Murphy, nasılsa, tüm grubu yetenekleriyle şaşırtmıştı, bir buz pateni baleti gibi dönebiliyor, hızlı kayıyor ve buz üzerinde zıplayabiliyordu. Hatta Clarke ve Blake'lerden daha iyi bile denebilirdi. 

"Küçükken bir hobiye ihtiyacım vardı." Murphy, kollarını iki yana açtı. "Annem pateni severdi, babam nefret ederdi. Yani, doğal olarak, ben de pateni seçtim."

Clarke mutlu hissediyordu, anneannesinin geçen sene ona ördüğü mavi atkısını ve eldivenlerini takmış, üzerinde Stanford üniversitesinin kazağı vardı.

"Hadi ama, Rae." Clarke güldü, "Aynı yürümek gibi, sadece buz üstünde."

"Teşekkürler, Griff," Raven kötü bir bakış attı, "Gerçekten çok yardımcı oldun."

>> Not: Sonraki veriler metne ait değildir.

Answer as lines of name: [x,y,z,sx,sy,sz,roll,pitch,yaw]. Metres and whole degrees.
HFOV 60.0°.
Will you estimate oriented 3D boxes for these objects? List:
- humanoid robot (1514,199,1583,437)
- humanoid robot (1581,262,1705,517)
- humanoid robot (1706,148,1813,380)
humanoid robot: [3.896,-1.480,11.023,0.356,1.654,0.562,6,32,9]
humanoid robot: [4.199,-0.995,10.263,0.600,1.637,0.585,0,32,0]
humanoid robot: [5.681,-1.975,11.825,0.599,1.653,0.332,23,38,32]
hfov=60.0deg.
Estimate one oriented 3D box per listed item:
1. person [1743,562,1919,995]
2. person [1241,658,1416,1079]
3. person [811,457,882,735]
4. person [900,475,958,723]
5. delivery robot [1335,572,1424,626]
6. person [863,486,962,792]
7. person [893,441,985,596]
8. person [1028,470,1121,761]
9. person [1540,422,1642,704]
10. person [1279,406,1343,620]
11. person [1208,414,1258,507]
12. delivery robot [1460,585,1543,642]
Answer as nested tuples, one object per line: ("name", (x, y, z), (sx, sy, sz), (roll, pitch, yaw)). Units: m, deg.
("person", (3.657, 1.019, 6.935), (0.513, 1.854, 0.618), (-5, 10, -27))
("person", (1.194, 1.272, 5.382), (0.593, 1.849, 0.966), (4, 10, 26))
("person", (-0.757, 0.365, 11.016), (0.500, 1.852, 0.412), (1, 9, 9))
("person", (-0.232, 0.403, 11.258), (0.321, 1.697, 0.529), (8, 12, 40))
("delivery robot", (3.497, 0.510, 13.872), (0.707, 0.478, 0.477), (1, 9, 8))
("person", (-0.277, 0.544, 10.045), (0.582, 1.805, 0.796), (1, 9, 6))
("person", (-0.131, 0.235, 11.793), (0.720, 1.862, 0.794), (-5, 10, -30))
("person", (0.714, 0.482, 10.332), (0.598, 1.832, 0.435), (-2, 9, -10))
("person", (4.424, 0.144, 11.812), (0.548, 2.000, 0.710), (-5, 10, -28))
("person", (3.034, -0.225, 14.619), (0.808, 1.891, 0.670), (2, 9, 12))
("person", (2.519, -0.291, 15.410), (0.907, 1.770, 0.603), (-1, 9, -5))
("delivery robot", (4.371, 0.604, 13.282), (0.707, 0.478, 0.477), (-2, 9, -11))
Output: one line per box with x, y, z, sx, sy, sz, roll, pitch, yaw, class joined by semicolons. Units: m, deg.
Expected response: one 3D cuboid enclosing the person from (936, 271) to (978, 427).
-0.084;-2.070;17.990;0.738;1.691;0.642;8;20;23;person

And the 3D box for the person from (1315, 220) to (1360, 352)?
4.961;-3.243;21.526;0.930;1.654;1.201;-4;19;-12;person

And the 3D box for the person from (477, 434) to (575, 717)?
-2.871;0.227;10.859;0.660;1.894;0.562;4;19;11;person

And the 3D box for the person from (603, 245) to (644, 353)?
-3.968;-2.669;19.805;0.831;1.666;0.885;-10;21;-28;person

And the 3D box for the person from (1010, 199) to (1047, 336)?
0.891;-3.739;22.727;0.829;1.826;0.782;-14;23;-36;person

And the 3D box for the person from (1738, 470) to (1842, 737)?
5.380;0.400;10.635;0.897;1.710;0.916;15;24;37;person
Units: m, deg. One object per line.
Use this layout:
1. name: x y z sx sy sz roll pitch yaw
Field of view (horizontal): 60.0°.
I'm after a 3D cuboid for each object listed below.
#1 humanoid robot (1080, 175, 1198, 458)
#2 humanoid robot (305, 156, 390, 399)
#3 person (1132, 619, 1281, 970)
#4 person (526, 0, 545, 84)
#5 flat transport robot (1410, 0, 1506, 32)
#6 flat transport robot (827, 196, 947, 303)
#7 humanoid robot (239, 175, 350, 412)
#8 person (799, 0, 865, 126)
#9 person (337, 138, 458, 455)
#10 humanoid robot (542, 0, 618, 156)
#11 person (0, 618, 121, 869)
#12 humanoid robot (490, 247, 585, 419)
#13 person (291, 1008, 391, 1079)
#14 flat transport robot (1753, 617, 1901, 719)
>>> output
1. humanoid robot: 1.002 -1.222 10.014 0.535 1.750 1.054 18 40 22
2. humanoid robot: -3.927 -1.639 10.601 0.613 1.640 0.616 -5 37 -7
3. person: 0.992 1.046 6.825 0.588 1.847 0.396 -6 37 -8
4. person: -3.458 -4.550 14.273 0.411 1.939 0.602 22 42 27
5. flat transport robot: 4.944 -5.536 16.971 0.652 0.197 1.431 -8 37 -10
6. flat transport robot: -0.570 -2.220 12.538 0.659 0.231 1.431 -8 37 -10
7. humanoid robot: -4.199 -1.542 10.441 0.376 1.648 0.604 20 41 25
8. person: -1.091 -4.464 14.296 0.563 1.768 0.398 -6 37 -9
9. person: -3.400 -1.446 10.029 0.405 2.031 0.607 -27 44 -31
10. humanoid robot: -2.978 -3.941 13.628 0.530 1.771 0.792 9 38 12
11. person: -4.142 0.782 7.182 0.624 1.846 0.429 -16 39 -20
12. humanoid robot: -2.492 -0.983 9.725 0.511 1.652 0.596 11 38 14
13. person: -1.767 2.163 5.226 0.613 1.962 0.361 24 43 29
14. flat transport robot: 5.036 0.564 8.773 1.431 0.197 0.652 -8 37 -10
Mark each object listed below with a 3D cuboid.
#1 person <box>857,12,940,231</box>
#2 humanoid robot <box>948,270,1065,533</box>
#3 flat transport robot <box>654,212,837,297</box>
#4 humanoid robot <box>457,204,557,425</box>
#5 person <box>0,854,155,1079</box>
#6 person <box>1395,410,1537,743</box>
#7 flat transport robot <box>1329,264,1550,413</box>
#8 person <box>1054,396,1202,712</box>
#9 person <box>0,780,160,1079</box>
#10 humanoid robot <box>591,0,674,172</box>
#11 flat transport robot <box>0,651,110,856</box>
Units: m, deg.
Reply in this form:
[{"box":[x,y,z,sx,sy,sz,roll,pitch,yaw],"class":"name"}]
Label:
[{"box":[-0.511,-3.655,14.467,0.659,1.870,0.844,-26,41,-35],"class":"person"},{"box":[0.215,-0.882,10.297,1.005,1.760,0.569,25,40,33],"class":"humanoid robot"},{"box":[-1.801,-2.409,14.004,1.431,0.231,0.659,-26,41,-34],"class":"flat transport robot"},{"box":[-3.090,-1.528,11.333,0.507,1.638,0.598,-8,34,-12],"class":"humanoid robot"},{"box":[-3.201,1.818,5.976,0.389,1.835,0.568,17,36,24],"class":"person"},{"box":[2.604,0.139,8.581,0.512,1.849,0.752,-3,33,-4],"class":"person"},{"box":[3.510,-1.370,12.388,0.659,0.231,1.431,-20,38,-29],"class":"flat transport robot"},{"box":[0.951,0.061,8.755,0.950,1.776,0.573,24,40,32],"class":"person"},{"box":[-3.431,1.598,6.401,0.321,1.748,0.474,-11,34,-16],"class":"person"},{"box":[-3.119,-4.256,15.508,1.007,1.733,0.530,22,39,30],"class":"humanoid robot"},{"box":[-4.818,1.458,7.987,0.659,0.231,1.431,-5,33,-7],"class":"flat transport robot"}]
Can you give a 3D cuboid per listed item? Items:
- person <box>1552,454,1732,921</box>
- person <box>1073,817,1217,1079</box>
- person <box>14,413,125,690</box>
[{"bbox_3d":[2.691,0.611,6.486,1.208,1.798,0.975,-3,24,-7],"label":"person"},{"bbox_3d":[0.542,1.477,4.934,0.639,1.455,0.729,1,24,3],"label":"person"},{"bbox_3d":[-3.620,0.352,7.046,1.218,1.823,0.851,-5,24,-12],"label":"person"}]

"Her zaman, Rae." Clarke selam verme amacıyla başını şakasına öne eğdi ve Bellamy ile Octavia'nın yarışlarına katılmak için yanlarına kaydı. Gözünün kenarından, Murphy'nin konuştuğu tanıdık bir yüz gördü ve o sırada, bir şey göbeğine çarptı.

"Geliyorum dikkat et!"

Clarke, çarpan kişiyi tutarak birlikte düşmemek için dengede tuttu ve aşağıya baktığında sarışın bir çocuğun ona bakıp gülümsediğini gördü. 

"Özür dilerim," çocuk gülümsedi, "Kuzenim onun kadar hızlı gidemeyeceğimi söylemişti de."

Clarke, Lexa'nın odasında ki fotoğrafları, ve küçük sarışın ve çılgın kuzeni hakkında anlattıklarını hatırladı.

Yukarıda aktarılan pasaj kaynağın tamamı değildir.